The fresh insight came from ancient air samples trapped inside ice cores taken from Greenland and Antarctica – some of which were analysed at Niwa's Wellington lab.
Further analysis was carried out in a machine called a mass spectrometer which pin-pointed methane sources according to the measured content of the rare, radioactive isotope radiocarbon.
For every single measurement, the team had drilled out one tonne of ice while working in polar environments.
From that, they extracted the equivalent of five household buckets of air, and then isolated the equivalent volume of one water drop of methane.
In that methane, only one in a trillion molecules is radiocarbon and they measured the changes in that minuscule content.
Study co-author and Niwa principal atmospheric technician, Tony Bromley, said the degree of accuracy provided by the analysis meant it was possible to determine exactly how much methane was produced by humans.
Until now, that had been difficult for researchers to determine exactly where methane emissions originated.
Biological methane, for instance, could be released from wetlands, rice fields and livestock, while fossil methane could stem from natural geological seeps, or industries extracting and using fossil fuels like oil, gas and coal.
The two types of methane could be distinguished, because biological methane contained measurable amounts of radiocarbon.

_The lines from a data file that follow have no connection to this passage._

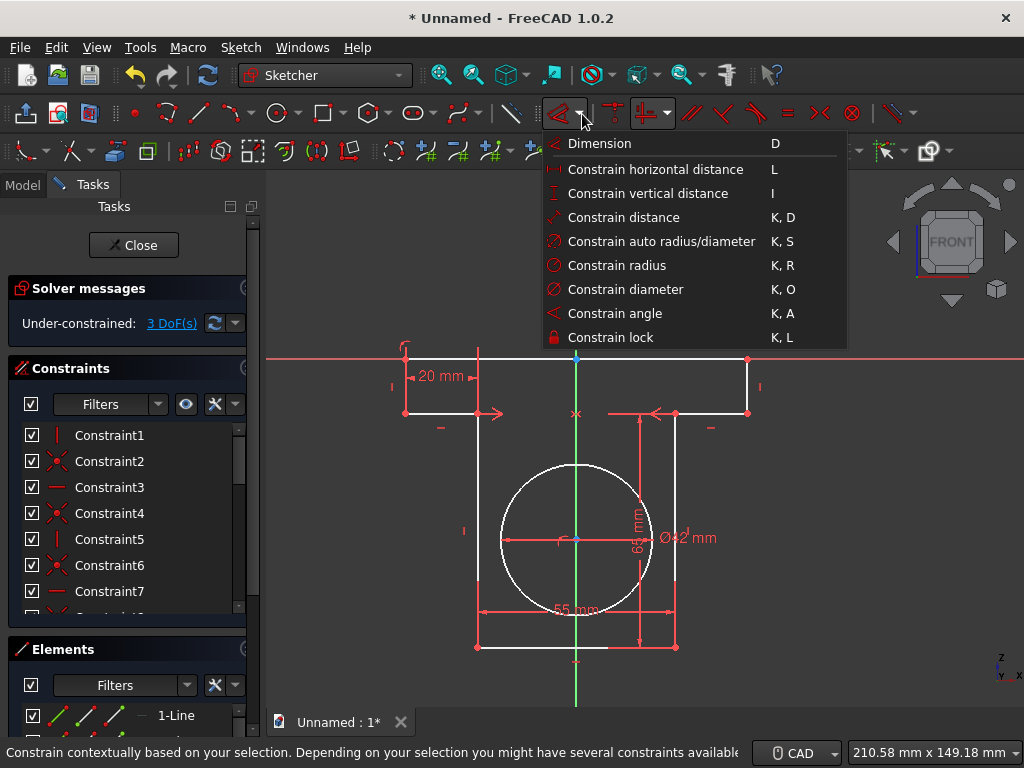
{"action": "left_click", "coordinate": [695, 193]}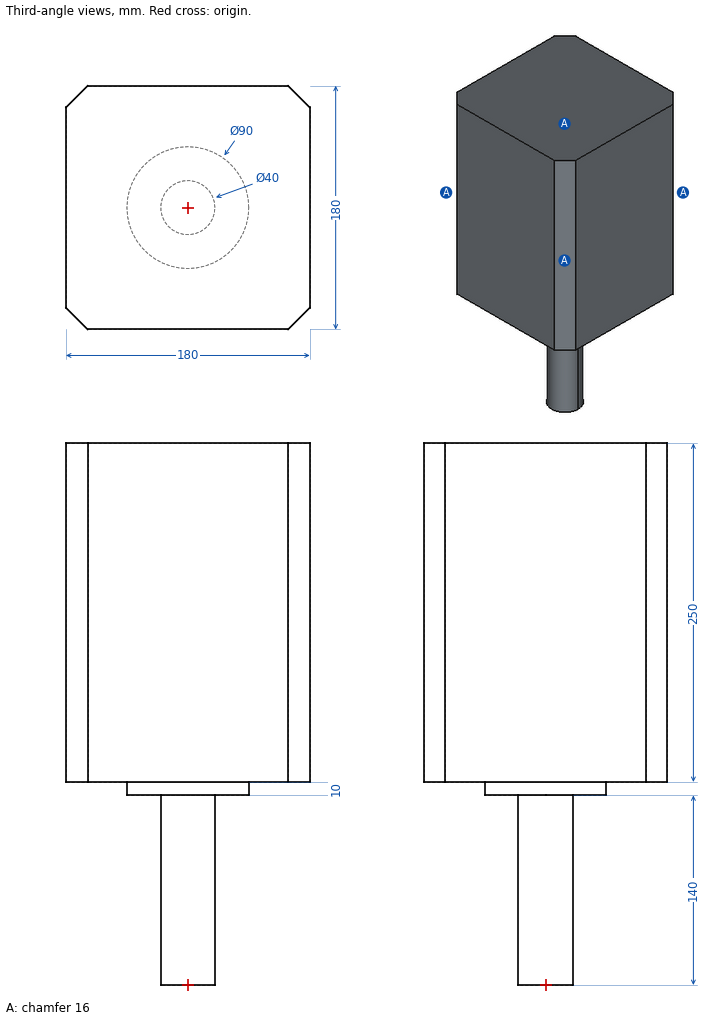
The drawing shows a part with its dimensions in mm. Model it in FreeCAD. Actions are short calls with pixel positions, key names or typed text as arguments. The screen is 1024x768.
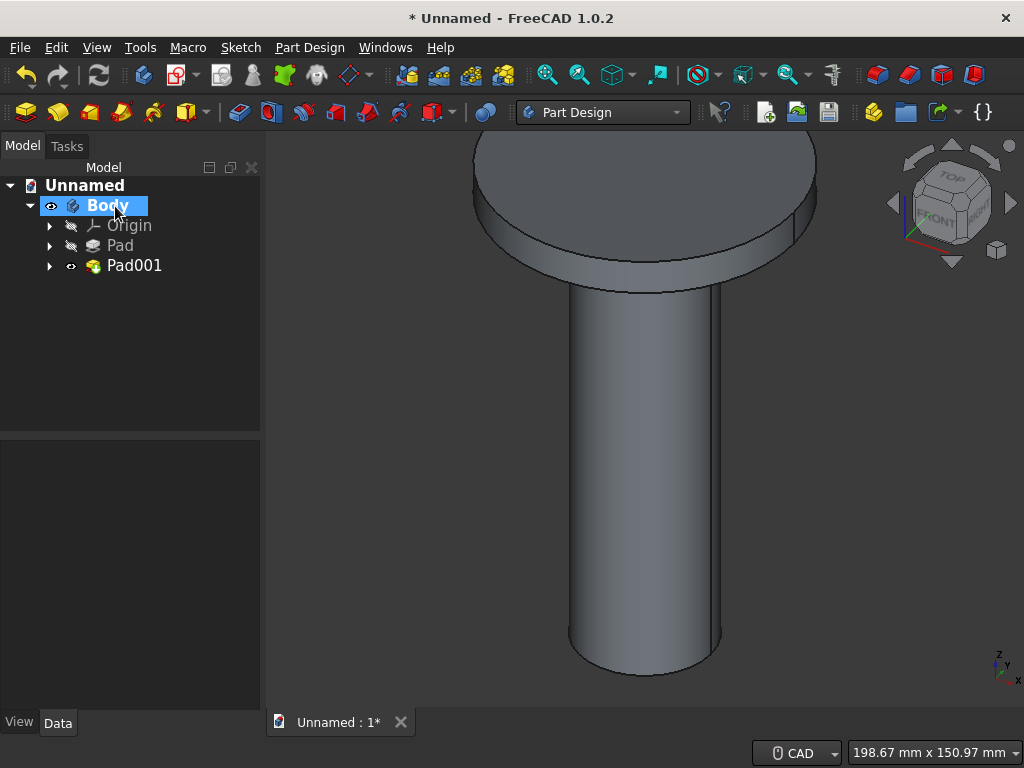
click(548, 76)
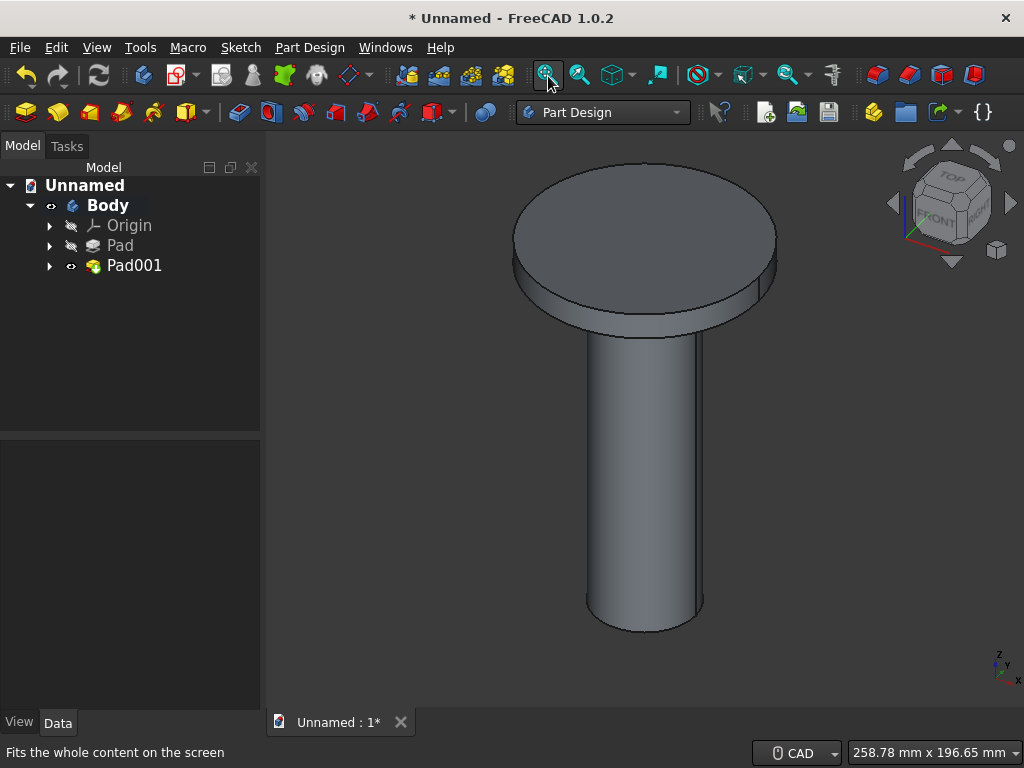
click(645, 238)

In fossil methane, all the radiocarbon had decayed away, while the gas was stored in underground reservoirs.
Yet radiocarbon measurements in modern air could not separate fossil methane that was emitted naturally from industrial sources.

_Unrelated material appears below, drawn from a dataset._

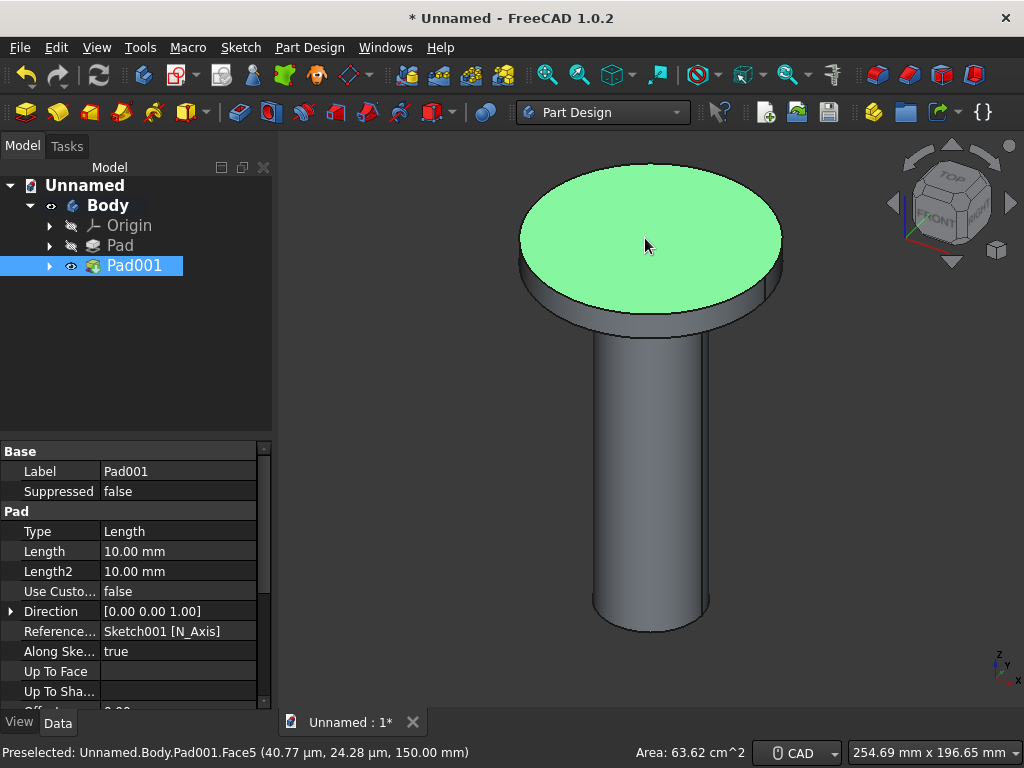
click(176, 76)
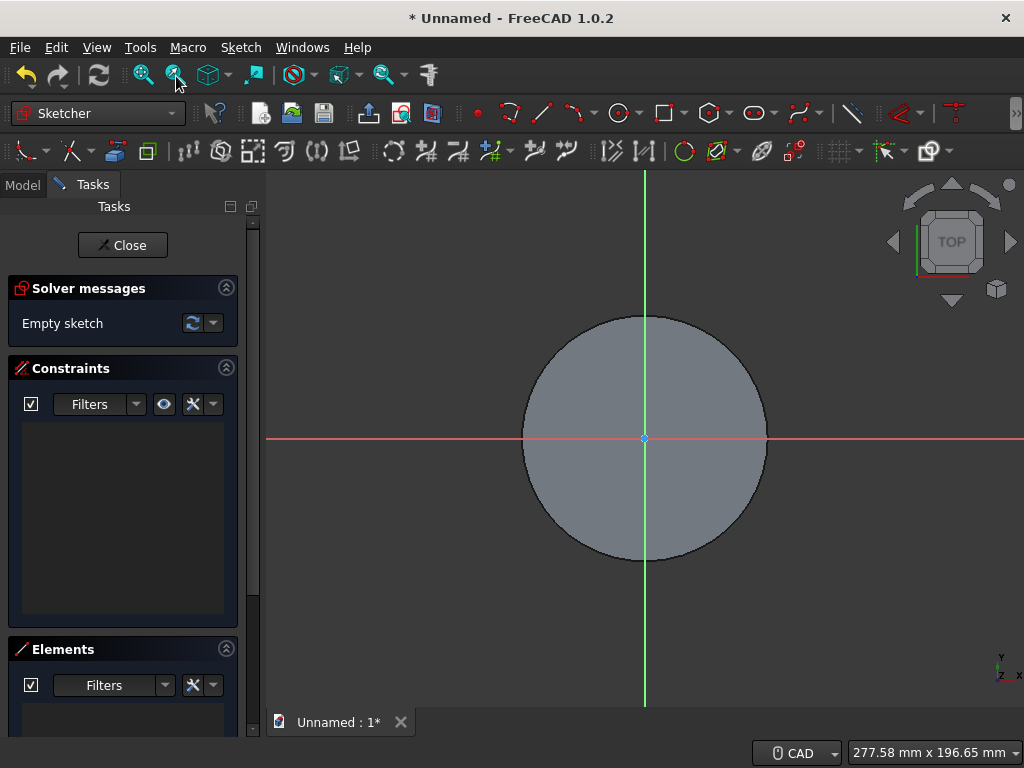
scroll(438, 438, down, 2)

"As a scientific community we've been struggling to understand exactly how much methane we as humans are emitting into the atmosphere," said study author Dr Vasilii Petrenko, of the University of Rochester in the US.
"We know that the fossil fuel component is one of our biggest component emissions, but it has been challenging to pin that down because in today's atmosphere, the natural and anthropogenic components of the fossil emissions look the same, isotopically."
By measuring the methane radiocarbon from more than 200 years ago when there were no industrial sources, the researchers knew that all fossil methane had to be emitted naturally.
They found that almost all of the methane emitted to the atmosphere was biological until about 1870.
That was when the fossil component began to rise rapidly – and the timing coincided with a sharp increase in the use of fossil fuels.
They also discovered the levels of naturally released fossil methane are about 10 times lower than previous research reported.
Methane being emitted by human activity was the second largest contributor to global warming, after carbon dioxide.
But, compared to carbon dioxide, methane has a relatively short shelf-life; it lasted an average of only nine years in the atmosphere, while carbon dioxide can persist in the atmosphere for about a century.
That made methane an especially suitable target for curbing climate change in a short time frame.
"If we stopped emitting all carbon dioxide today, high carbon dioxide levels in the atmosphere would still persist for a long time," said co-author Dr Benjamin Hmiel, also of Rochester.
"Methane is important to study because if we make changes to our current methane emissions, it's going to reflect more quickly."
In New Zealand, where methane makes up about 43 per cent of gross greenhouse gas emissions, the new Zero Carbon Act would treat biogenic methane emissions differently to CO2.
While the act strived to push net emissions of all other all greenhouse gases down to zero by 2050, its goal for biogenic methane was a reduction of 24 to 47 per cent below 2017 levels – 10 per cent of which would need to be cut this decade.